The University of Music and Theatre "Felix Mendelssohn Bartholdy" Leipzig () is a public university in Leipzig (Saxony, Germany). Founded in 1843 by Felix Mendelssohn as the Conservatorium der Musik (Conservatory of Music), it is the oldest university school of music in Germany.

The institution includes the traditional Church Music Institute founded in 1919 by Karl Straube (1873–1950). The music school was renamed ″Felix Mendelssohn Bartholdy″ after its founder in 1972. In 1992, it incorporated the Theaterhochschule "Hans Otto" Leipzig.
 
Since the beginning there was a tight relationship between apprenticeship and practical experience with the Gewandhaus and the Oper Leipzig, as well as theaters in Chemnitz (Theater Chemnitz), Dresden (Staatsschauspiel Dresden), Halle (Neues Theater Halle), Leipzig (Schauspiel Leipzig) and Weimar (Deutsches Nationaltheater in Weimar).

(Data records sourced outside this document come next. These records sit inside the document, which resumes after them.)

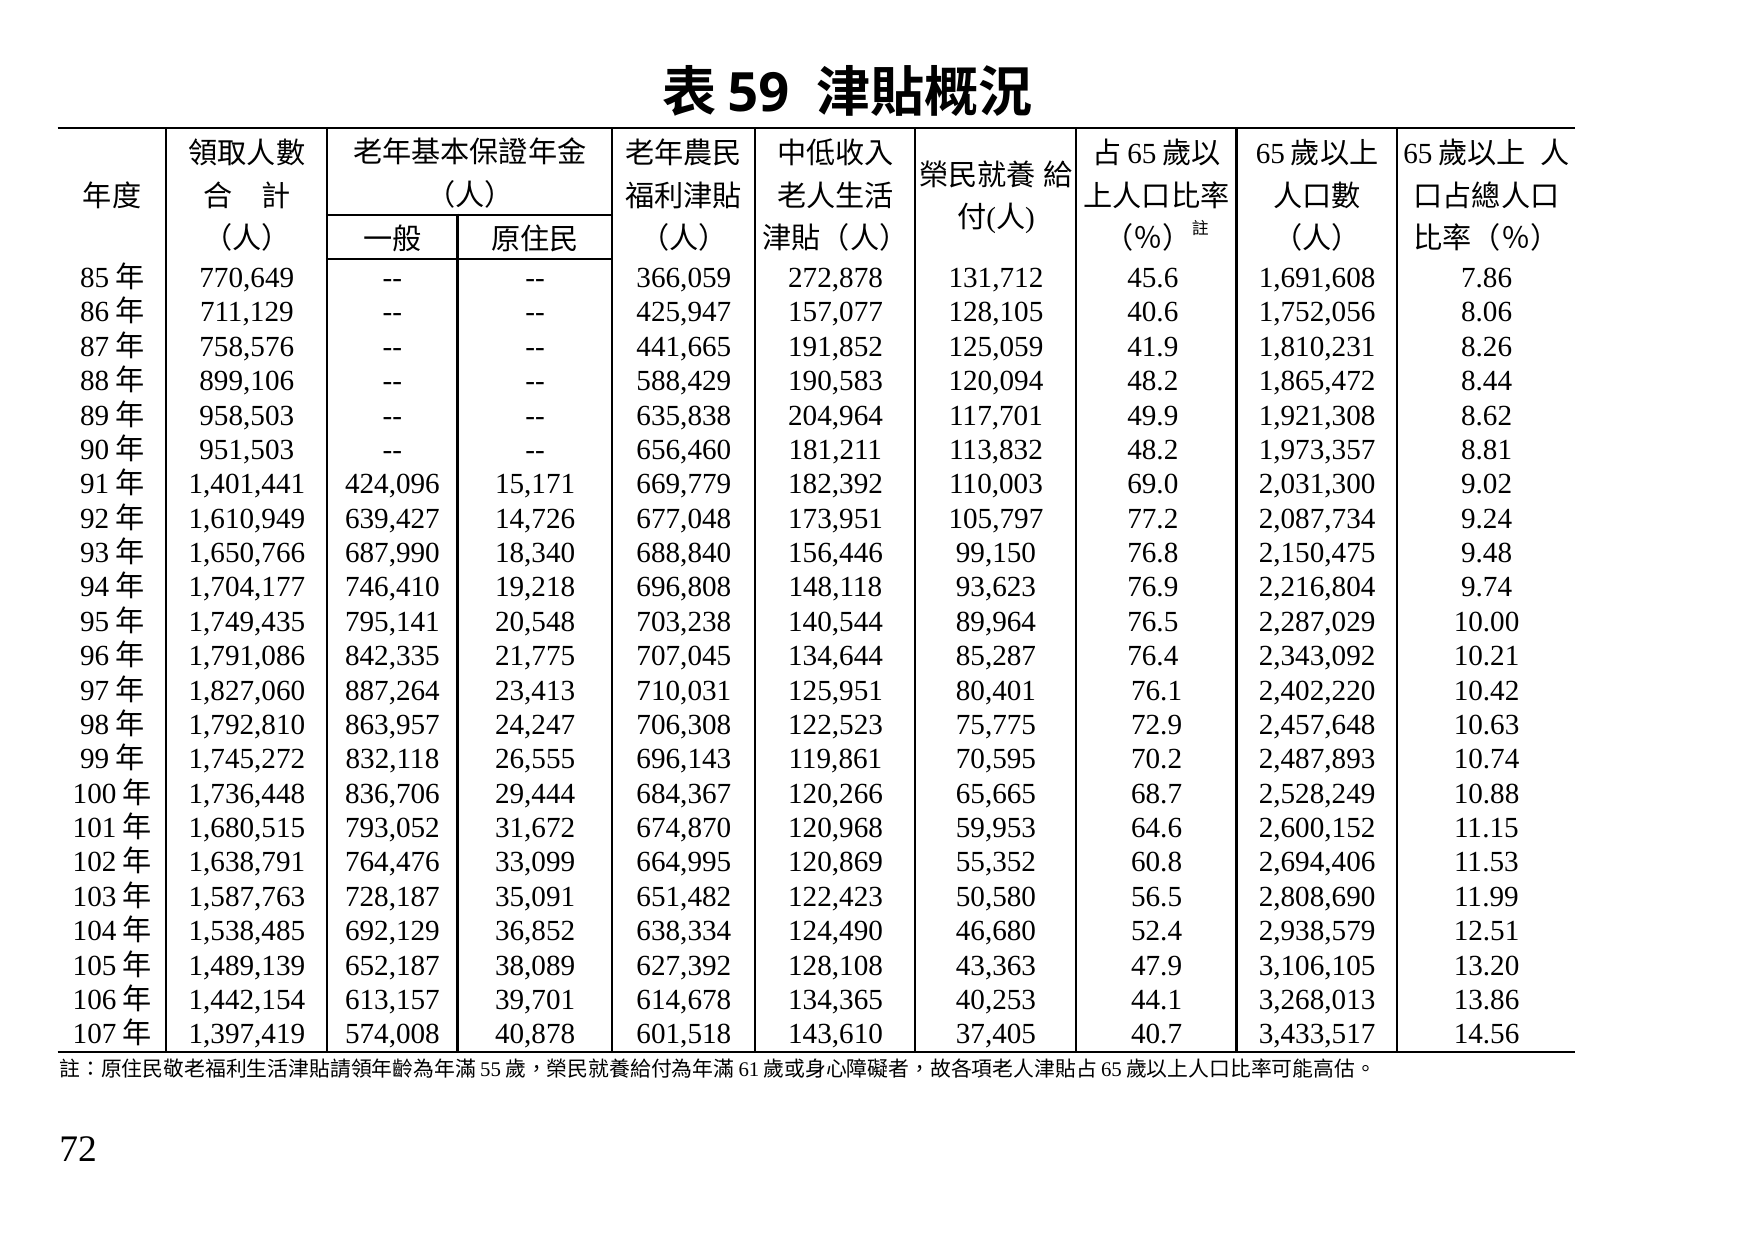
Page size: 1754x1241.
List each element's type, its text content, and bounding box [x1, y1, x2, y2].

table_cell 105,797 [916, 501, 1075, 535]
table_cell 707,045 [613, 638, 754, 672]
table_cell 2,694,406 [1238, 844, 1396, 879]
table_cell 664,995 [613, 844, 754, 879]
table_cell 272,878 [756, 258, 914, 294]
table_cell 37,405 [916, 1016, 1075, 1051]
table_cell 39,701 [459, 982, 611, 1016]
table_cell 44.1 [1077, 982, 1235, 1016]
table_cell 425,947 [613, 294, 754, 329]
table_cell 106年 [58, 982, 165, 1016]
table_cell 795,141 [328, 604, 456, 638]
table_cell 40,878 [459, 1016, 611, 1051]
table_cell 113,832 [916, 432, 1075, 466]
table_cell 72.9 [1077, 707, 1235, 741]
table_cell 10.00 [1398, 604, 1575, 638]
table_cell 99年 [58, 741, 165, 776]
table_cell 842,335 [328, 638, 456, 672]
table_cell 684,367 [613, 776, 754, 810]
table_cell 8.26 [1398, 329, 1575, 363]
table_cell 2,402,220 [1238, 673, 1396, 707]
table_cell -- [459, 398, 611, 432]
table_cell 35,091 [459, 879, 611, 913]
table_cell 46,680 [916, 913, 1075, 947]
table_cell 10.63 [1398, 707, 1575, 741]
table_cell 99,150 [916, 535, 1075, 569]
table_cell 8.81 [1398, 432, 1575, 466]
table_header 老年農民 福利津貼 （人） [613, 129, 754, 258]
table_cell -- [328, 432, 456, 466]
table_cell 56.5 [1077, 879, 1235, 913]
table_cell 613,157 [328, 982, 456, 1016]
table_cell 10.21 [1398, 638, 1575, 672]
table_cell 21,775 [459, 638, 611, 672]
table_cell 1,921,308 [1238, 398, 1396, 432]
table_cell 24,247 [459, 707, 611, 741]
table_cell 710,031 [613, 673, 754, 707]
table_cell 65,665 [916, 776, 1075, 810]
table_cell 2,600,152 [1238, 810, 1396, 844]
table_cell 31,672 [459, 810, 611, 844]
table_cell 100年 [58, 776, 165, 810]
table_cell 11.53 [1398, 844, 1575, 879]
table_cell 3,268,013 [1238, 982, 1396, 1016]
table_cell 48.2 [1077, 363, 1235, 397]
table_cell 119,861 [756, 741, 914, 776]
table_cell 23,413 [459, 673, 611, 707]
table_cell 143,610 [756, 1016, 914, 1051]
table_cell 1,745,272 [167, 741, 326, 776]
table_cell 70,595 [916, 741, 1075, 776]
table_cell 951,503 [167, 432, 326, 466]
table_cell 11.99 [1398, 879, 1575, 913]
table_cell 107年 [58, 1016, 165, 1051]
table_cell 7.86 [1398, 258, 1575, 294]
table_cell 64.6 [1077, 810, 1235, 844]
table_cell 157,077 [756, 294, 914, 329]
table_cell 87年 [58, 329, 165, 363]
table_cell 1,704,177 [167, 569, 326, 604]
table_cell 182,392 [756, 466, 914, 501]
table_cell 1,638,791 [167, 844, 326, 879]
table_cell -- [328, 260, 456, 294]
table_cell 674,870 [613, 810, 754, 844]
table_cell -- [328, 294, 456, 329]
table_cell 1,650,766 [167, 535, 326, 569]
table_cell 89年 [58, 398, 165, 432]
table_cell 8.06 [1398, 294, 1575, 329]
table_cell 1,749,435 [167, 604, 326, 638]
table_cell 758,576 [167, 329, 326, 363]
table_cell 68.7 [1077, 776, 1235, 810]
table_cell 1,791,086 [167, 638, 326, 672]
table_cell 639,427 [328, 501, 456, 535]
table_cell 3,106,105 [1238, 948, 1396, 982]
table_cell 2,487,893 [1238, 741, 1396, 776]
table_cell 1,610,949 [167, 501, 326, 535]
table_cell 76.1 [1077, 673, 1235, 707]
table_cell 96年 [58, 638, 165, 672]
table_cell 52.4 [1077, 913, 1235, 947]
table_cell -- [459, 294, 611, 329]
table_cell 1,691,608 [1238, 258, 1396, 294]
table_cell -- [459, 363, 611, 397]
table_cell 746,410 [328, 569, 456, 604]
table_cell 656,460 [613, 432, 754, 466]
table_cell 173,951 [756, 501, 914, 535]
table_header 領取人數 合 計 （人） [167, 129, 326, 258]
table_cell 2,031,300 [1238, 466, 1396, 501]
table_cell 3,433,517 [1238, 1016, 1396, 1051]
table_cell 86年 [58, 294, 165, 329]
table_cell 120,094 [916, 363, 1075, 397]
table_cell 125,951 [756, 673, 914, 707]
table_cell 1,587,763 [167, 879, 326, 913]
table_cell 75,775 [916, 707, 1075, 741]
table_cell -- [328, 363, 456, 397]
table_cell 863,957 [328, 707, 456, 741]
table_cell 93年 [58, 535, 165, 569]
table_cell 2,938,579 [1238, 913, 1396, 947]
table_cell 366,059 [613, 258, 754, 294]
table_cell 128,105 [916, 294, 1075, 329]
table_cell 14.56 [1398, 1016, 1575, 1051]
table_cell 120,968 [756, 810, 914, 844]
table_cell 60.8 [1077, 844, 1235, 879]
table_cell 204,964 [756, 398, 914, 432]
table_cell 120,869 [756, 844, 914, 879]
table_cell 9.24 [1398, 501, 1575, 535]
table_cell 651,482 [613, 879, 754, 913]
table_header 65歲以上 人口數 （人） [1238, 129, 1396, 258]
table_cell 一般 [328, 216, 456, 258]
table_cell 2,087,734 [1238, 501, 1396, 535]
table_cell 635,838 [613, 398, 754, 432]
table_cell 85年 [58, 258, 165, 294]
table_cell 10.42 [1398, 673, 1575, 707]
text 註：原住民敬老福利生活津貼請領年齡為年滿55歲，榮民就養給付為年滿61歲或身心障礙者，故各項老人津貼占65歲以上人口比率可能高估。 [59, 1053, 1636, 1083]
table_cell 2,150,475 [1238, 535, 1396, 569]
table_cell 441,665 [613, 329, 754, 363]
table_cell 134,644 [756, 638, 914, 672]
table_cell 59,953 [916, 810, 1075, 844]
table_cell 105年 [58, 948, 165, 982]
table_cell 793,052 [328, 810, 456, 844]
table_cell 687,990 [328, 535, 456, 569]
table_cell 13.20 [1398, 948, 1575, 982]
table_cell 117,701 [916, 398, 1075, 432]
table_cell 103年 [58, 879, 165, 913]
table_cell 424,096 [328, 466, 456, 501]
table_cell 601,518 [613, 1016, 754, 1051]
table_cell 122,423 [756, 879, 914, 913]
table_cell 677,048 [613, 501, 754, 535]
table_cell 14,726 [459, 501, 611, 535]
table_cell 9.02 [1398, 466, 1575, 501]
table_cell 76.4 [1077, 638, 1235, 672]
table_cell 19,218 [459, 569, 611, 604]
table_cell 55,352 [916, 844, 1075, 879]
table_cell 652,187 [328, 948, 456, 982]
table_cell 2,287,029 [1238, 604, 1396, 638]
table_cell 76.9 [1077, 569, 1235, 604]
table_cell 26,555 [459, 741, 611, 776]
table_cell -- [328, 329, 456, 363]
table_cell 69.0 [1077, 466, 1235, 501]
table_cell 89,964 [916, 604, 1075, 638]
table_cell 9.48 [1398, 535, 1575, 569]
table_cell 181,211 [756, 432, 914, 466]
table_cell 2,216,804 [1238, 569, 1396, 604]
table_cell 1,865,472 [1238, 363, 1396, 397]
table_cell 1,680,515 [167, 810, 326, 844]
table_cell 574,008 [328, 1016, 456, 1051]
table_cell 91年 [58, 466, 165, 501]
table_cell 1,752,056 [1238, 294, 1396, 329]
table_cell 41.9 [1077, 329, 1235, 363]
table_cell -- [459, 260, 611, 294]
table_cell 899,106 [167, 363, 326, 397]
table_cell 1,538,485 [167, 913, 326, 947]
table_header 年度 [58, 129, 165, 258]
table_cell 958,503 [167, 398, 326, 432]
table_cell 692,129 [328, 913, 456, 947]
table_cell 638,334 [613, 913, 754, 947]
table_cell 764,476 [328, 844, 456, 879]
table_cell 38,089 [459, 948, 611, 982]
table_cell 20,548 [459, 604, 611, 638]
table_cell 728,187 [328, 879, 456, 913]
table_cell 706,308 [613, 707, 754, 741]
table_cell 47.9 [1077, 948, 1235, 982]
table_cell 77.2 [1077, 501, 1235, 535]
table_cell 110,003 [916, 466, 1075, 501]
table_cell 156,446 [756, 535, 914, 569]
table_cell 131,712 [916, 258, 1075, 294]
table_cell 2,343,092 [1238, 638, 1396, 672]
table_header 占65歲以上人口比率（％）註 [1077, 129, 1235, 258]
table_cell 703,238 [613, 604, 754, 638]
table_cell 1,973,357 [1238, 432, 1396, 466]
table_cell 45.6 [1077, 258, 1235, 294]
table_cell 40,253 [916, 982, 1075, 1016]
table_cell 836,706 [328, 776, 456, 810]
table_cell 832,118 [328, 741, 456, 776]
table_header 中低收入 老人生活 津貼（人） [756, 129, 914, 258]
table_cell 770,649 [167, 258, 326, 294]
table_cell 97年 [58, 673, 165, 707]
table_cell 124,490 [756, 913, 914, 947]
table_cell 148,118 [756, 569, 914, 604]
table_cell 94年 [58, 569, 165, 604]
table_cell 18,340 [459, 535, 611, 569]
table_cell 688,840 [613, 535, 754, 569]
table_cell 10.88 [1398, 776, 1575, 810]
table_cell 128,108 [756, 948, 914, 982]
table_cell 122,523 [756, 707, 914, 741]
table_header 老年基本保證年金 （人） [328, 129, 611, 213]
table_cell 2,457,648 [1238, 707, 1396, 741]
table_cell -- [459, 329, 611, 363]
table_cell 101年 [58, 810, 165, 844]
table_cell 1,397,419 [167, 1016, 326, 1051]
table_cell 8.44 [1398, 363, 1575, 397]
table_cell 140,544 [756, 604, 914, 638]
table_cell 29,444 [459, 776, 611, 810]
table_cell 48.2 [1077, 432, 1235, 466]
table_cell 43,363 [916, 948, 1075, 982]
table_cell 49.9 [1077, 398, 1235, 432]
table_cell 1,810,231 [1238, 329, 1396, 363]
table_cell 80,401 [916, 673, 1075, 707]
table_cell 85,287 [916, 638, 1075, 672]
table_cell 120,266 [756, 776, 914, 810]
table_header 榮民就養 給付(人) [916, 129, 1075, 258]
table_cell 76.8 [1077, 535, 1235, 569]
table_cell 12.51 [1398, 913, 1575, 947]
table_cell 11.15 [1398, 810, 1575, 844]
table_cell 50,580 [916, 879, 1075, 913]
table_cell 1,489,139 [167, 948, 326, 982]
table_cell 711,129 [167, 294, 326, 329]
table_cell 696,808 [613, 569, 754, 604]
table_cell -- [459, 432, 611, 466]
table_cell 15,171 [459, 466, 611, 501]
table_cell 13.86 [1398, 982, 1575, 1016]
table_cell 134,365 [756, 982, 914, 1016]
subtitle 表59 津貼概況 [59, 48, 1636, 127]
table_cell 92年 [58, 501, 165, 535]
table_cell 95年 [58, 604, 165, 638]
table_cell 2,528,249 [1238, 776, 1396, 810]
table_cell 588,429 [613, 363, 754, 397]
table_cell 669,779 [613, 466, 754, 501]
table_cell 36,852 [459, 913, 611, 947]
table_cell 887,264 [328, 673, 456, 707]
table_cell 1,442,154 [167, 982, 326, 1016]
table_cell 40.7 [1077, 1016, 1235, 1051]
table_cell 104年 [58, 913, 165, 947]
table_cell 1,736,448 [167, 776, 326, 810]
table_cell -- [328, 398, 456, 432]
table_cell 627,392 [613, 948, 754, 982]
table_cell 98年 [58, 707, 165, 741]
table_cell 1,401,441 [167, 466, 326, 501]
table_header 65歲以上 人口占總人口比率（％） [1398, 129, 1575, 258]
table_cell 614,678 [613, 982, 754, 1016]
table_cell 原住民 [459, 216, 611, 258]
table_cell 88年 [58, 363, 165, 397]
table_cell 76.5 [1077, 604, 1235, 638]
table_cell 191,852 [756, 329, 914, 363]
table_cell 70.2 [1077, 741, 1235, 776]
table_cell 102年 [58, 844, 165, 879]
table_cell 1,792,810 [167, 707, 326, 741]
table_cell 190,583 [756, 363, 914, 397]
table_cell 1,827,060 [167, 673, 326, 707]
table_cell 2,808,690 [1238, 879, 1396, 913]
table_cell 33,099 [459, 844, 611, 879]
table_cell 8.62 [1398, 398, 1575, 432]
table_cell 696,143 [613, 741, 754, 776]
table_cell 10.74 [1398, 741, 1575, 776]
table_cell 90年 [58, 432, 165, 466]
table_cell 93,623 [916, 569, 1075, 604]
table_cell 40.6 [1077, 294, 1235, 329]
table_cell 125,059 [916, 329, 1075, 363]
table_cell 9.74 [1398, 569, 1575, 604]
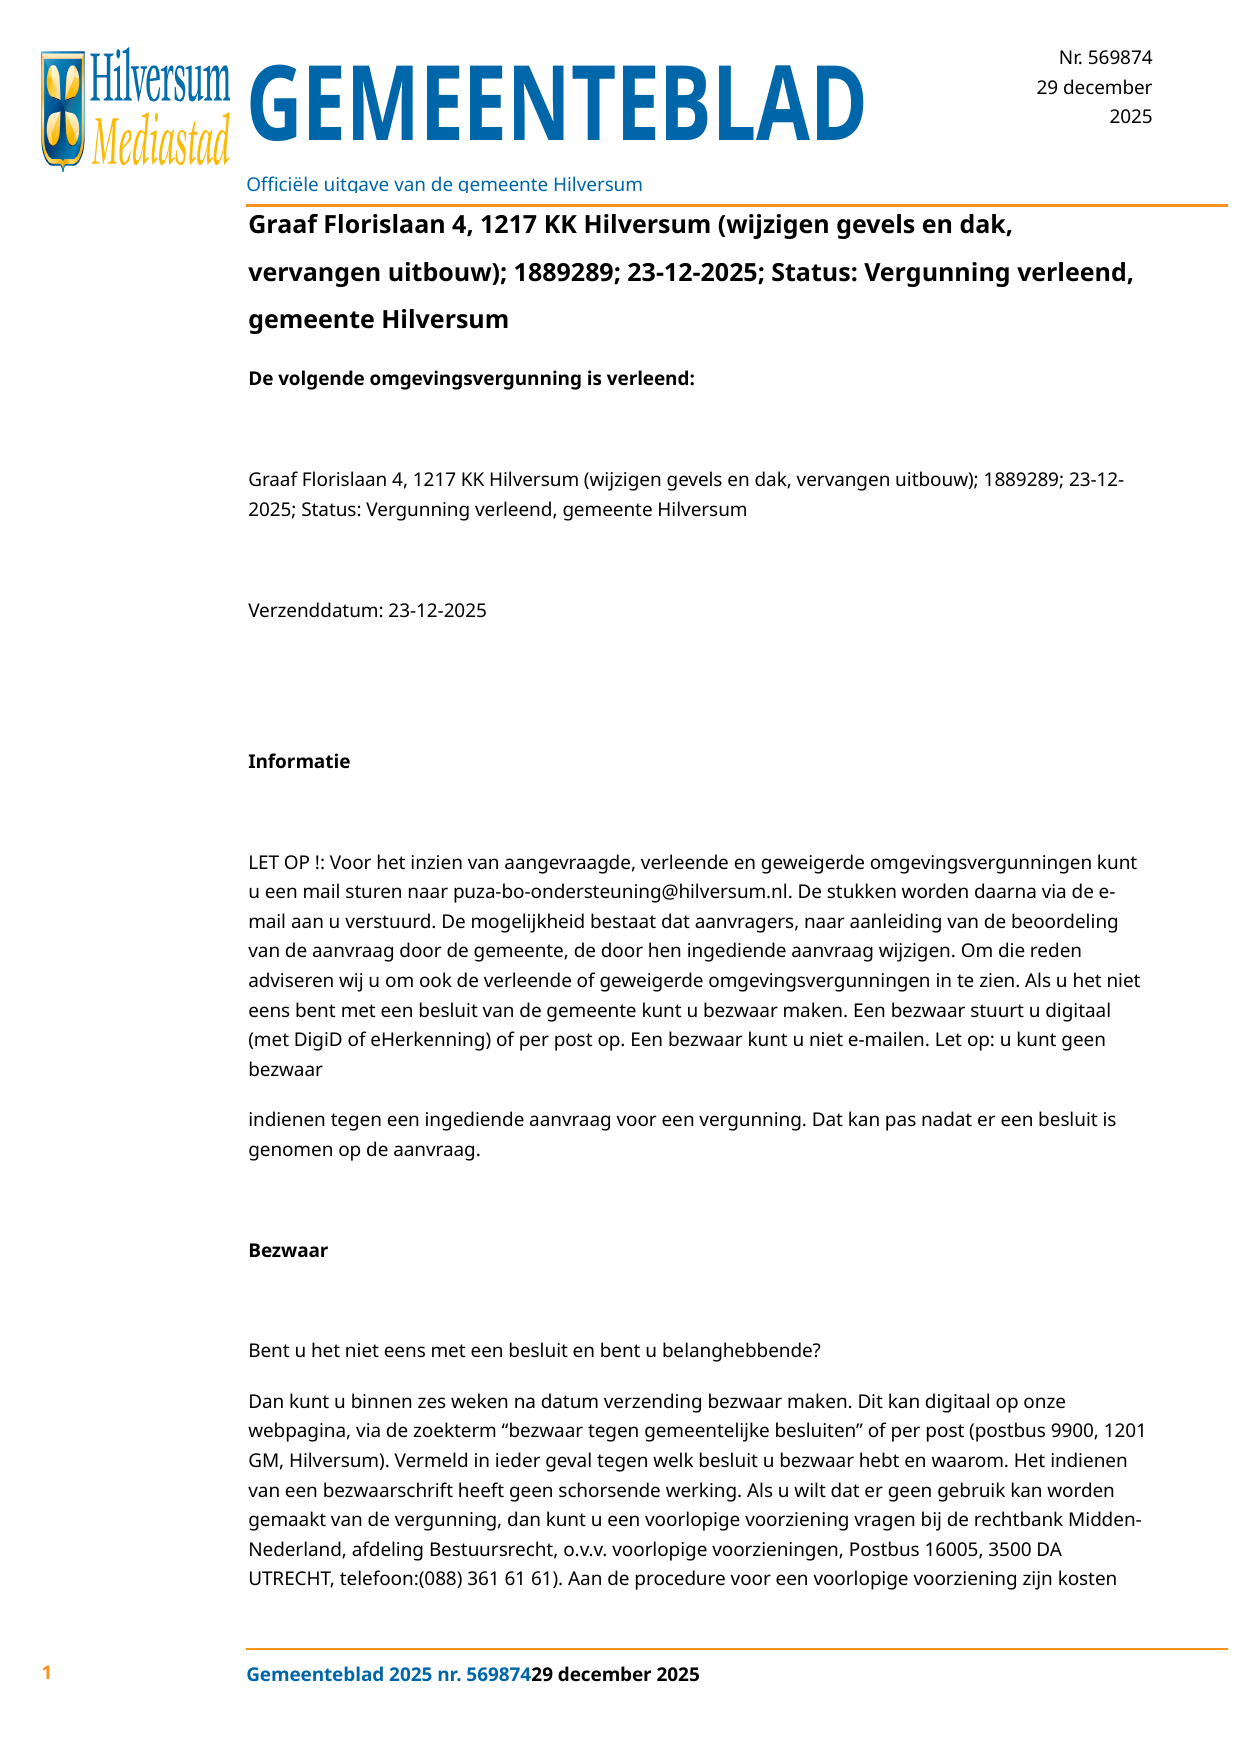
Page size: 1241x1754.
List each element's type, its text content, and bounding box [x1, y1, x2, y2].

text Informatie [248, 748, 1152, 774]
text LET OP !: Voor het inzien van aangevraagde, verleende en geweigerde omgevingsvergunningen kunt u een mail sturen naar puza-bo-ondersteuning@hilversum.nl. De stukken worden daarna via de e-mail aan u verstuurd. De mogelijkheid bestaat dat aanvragers, naar aanleiding van de beoordeling van de aanvraag door de gemeente, de door hen ingediende aanvraag wijzigen. Om die reden adviseren wij u om ook de verleende of geweigerde omgevingsvergunningen in te zien. Als u het niet eens bent met een besluit van de gemeente kunt u bezwaar maken. Een bezwaar stuurt u digitaal (met DigiD of eHerkenning) of per post op. Een bezwaar kunt u niet e-mailen. Let op: u kunt geen bezwaar [248, 849, 1152, 1082]
text Bezwaar [248, 1237, 1152, 1262]
text Dan kunt u binnen zes weken na datum verzending bezwaar maken. Dit kan digitaal op onze webpagina, via de zoekterm “bezwaar tegen gemeentelijke besluiten” of per post (postbus 9900, 1201 GM, Hilversum). Vermeld in ieder geval tegen welk besluit u bezwaar hebt en waarom. Het indienen van een bezwaarschrift heeft geen schorsende werking. Als u wilt dat er geen gebruik kan worden gemaakt van de vergunning, dan kunt u een voorlopige voorziening vragen bij de rechtbank Midden-Nederland, afdeling Bestuursrecht, o.v.v. voorlopige voorzieningen, Postbus 16005, 3500 DA UTRECHT, telefoon:(088) 361 61 61). Aan de procedure voor een voorlopige voorziening zijn kosten [248, 1388, 1152, 1591]
picture [41, 47, 231, 172]
text De volgende omgevingsvergunning is verleend: [248, 366, 1152, 391]
text Graaf Florislaan 4, 1217 KK Hilversum (wijzigen gevels en dak, vervangen uitbouw); 1889289; 23-12-2025; Status: Vergunning verleend, gemeente Hilversum [248, 207, 1152, 336]
text Verzenddatum: 23-12-2025 [248, 597, 1152, 622]
text Bent u het niet eens met een besluit en bent u belanghebbende? [248, 1338, 1152, 1363]
text Graaf Florislaan 4, 1217 KK Hilversum (wijzigen gevels en dak, vervangen uitbouw); 1889289; 23-12-2025; Status: Vergunning verleend, gemeente Hilversum [248, 466, 1152, 522]
text indienen tegen een ingediende aanvraag voor een vergunning. Dat kan pas nadat er een besluit is genomen op de aanvraag. [248, 1106, 1152, 1162]

The university of music and theater is one of 365 places chosen in 2009 by the Cabinet of Germany and the Office of the Representative of German Industry and Trade for the campaign Germany – Land of Ideas.

History
Felix Mendelssohn Bartholdy, the composer and Music Director of the Gewandhaus Orchestra, founded a Conservatory in the city of Leipzig on 2 April 1843. It was financed by a senior civil servant of the Kingdom of Saxony, the Oberhofgerichtsrat Heinrich Blümner (1765–1839), who provided King Frederick Augustus II of Saxony with 20,000 Thaler.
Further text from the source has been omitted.